--- Exercise ---
Using the records below, output the stretch that opens with the line containing "Identify the document" and closes with the line containing "text /* Rectangles", exactly and including both lines, with nothing more.

Saved data entries
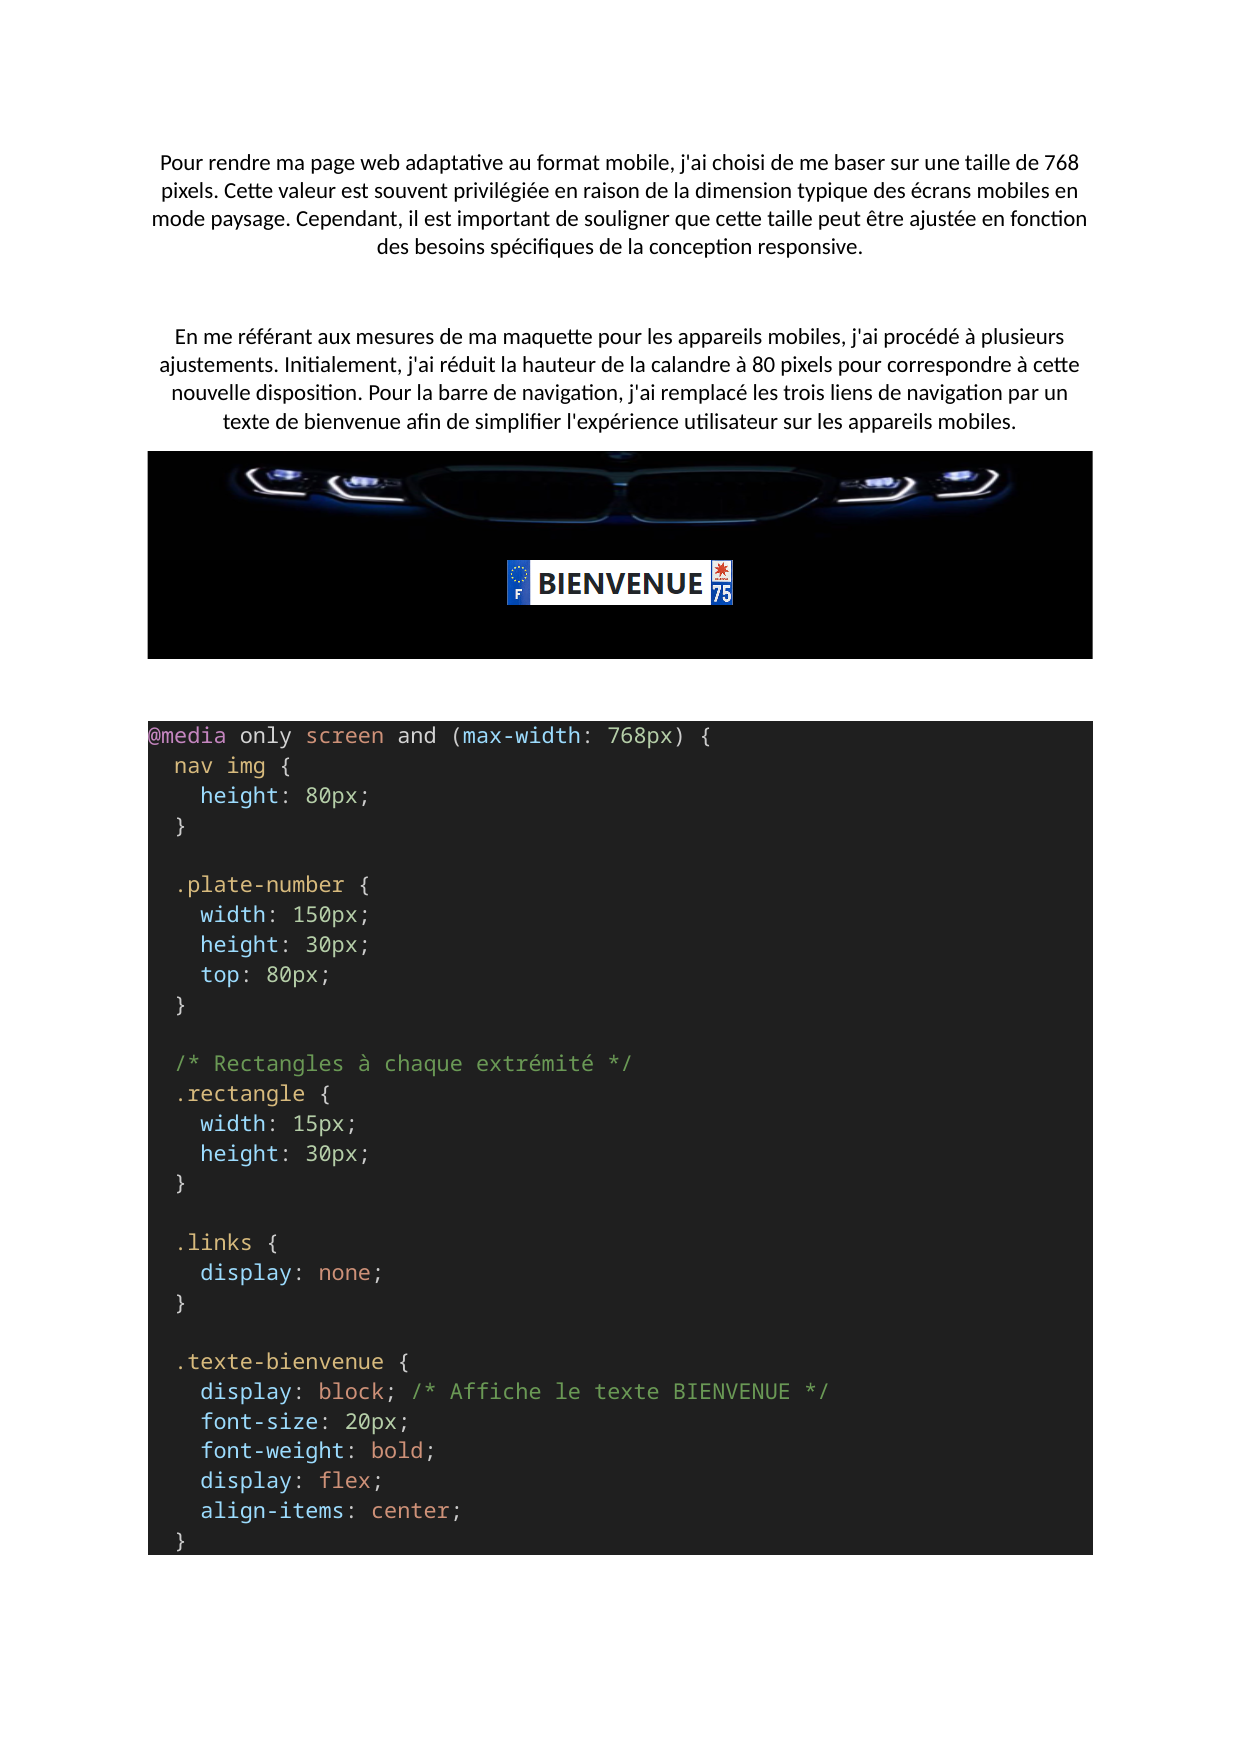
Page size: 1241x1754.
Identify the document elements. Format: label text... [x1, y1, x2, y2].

text .plate-number { [148, 869, 1093, 899]
text /* Rectangles à chaque extrémité */ [148, 1048, 1093, 1078]
text Pour rendre ma page web adaptative au format mobile, j'ai choisi de me baser sur une taille de 768 pixels. Cette valeur est souvent privilégiée en raison de la dimension typique des écrans mobiles en mode paysage. Cependant, il est important de souligner que cette taille peut être ajustée en fonction des besoins spécifiques de la conception responsive. [148, 148, 1093, 260]
text top: 80px; [148, 959, 1093, 989]
text nav img { [148, 750, 1093, 780]
text } [148, 810, 1093, 840]
text align-items: center; [148, 1495, 1093, 1525]
text } [148, 1525, 1093, 1555]
text height: 30px; [148, 929, 1093, 959]
text display: flex; [148, 1465, 1093, 1495]
text height: 80px; [148, 780, 1093, 810]
text font-weight: bold; [148, 1436, 1093, 1465]
text } [148, 1167, 1093, 1197]
text } [148, 989, 1093, 1018]
text .links { [148, 1227, 1093, 1257]
text display: block; /* Affiche le texte BIENVENUE */ [148, 1376, 1093, 1406]
text font-size: 20px; [148, 1406, 1093, 1436]
text } [148, 1287, 1093, 1316]
text height: 30px; [148, 1138, 1093, 1167]
text display: none; [148, 1257, 1093, 1287]
text width: 150px; [148, 899, 1093, 929]
text .texte-bienvenue { [148, 1346, 1093, 1376]
text width: 15px; [148, 1108, 1093, 1138]
text @media only screen and (max-width: 768px) { [148, 721, 1093, 750]
text .rectangle { [148, 1078, 1093, 1108]
text En me référant aux mesures de ma maquette pour les appareils mobiles, j'ai procédé à plusieurs ajustements. Initialement, j'ai réduit la hauteur de la calandre à 80 pixels pour correspondre à cette nouvelle disposition. Pour la barre de navigation, j'ai remplacé les trois liens de navigation par un texte de bienvenue afin de simplifier l'expérience utilisateur sur les appareils mobiles. [148, 322, 1093, 435]
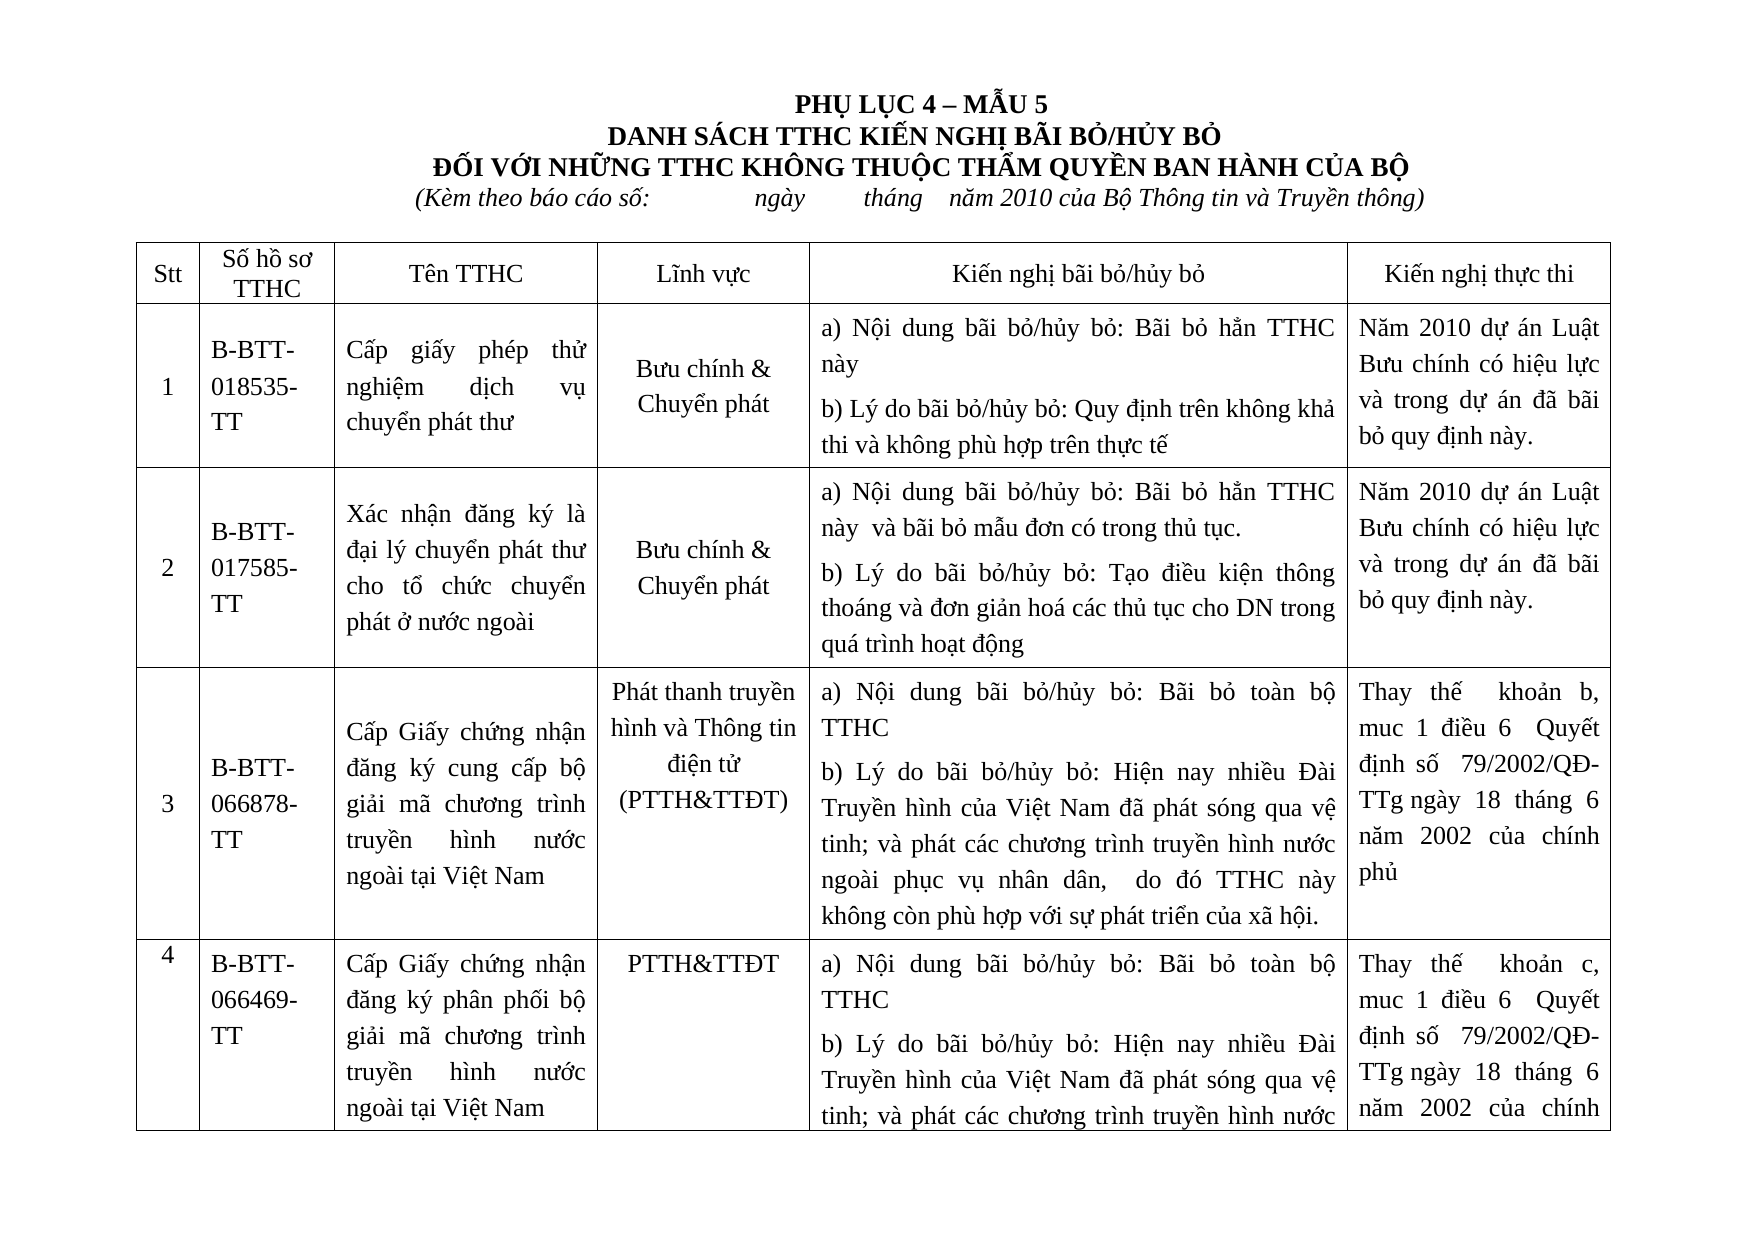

--- Answer to this task ---
Identify the document elements. Format: label text... [x1, y1, x2, y2].

text .plate-number { [148, 869, 1093, 899]
text /* Rectangles à chaque extrémité */ [148, 1048, 1093, 1078]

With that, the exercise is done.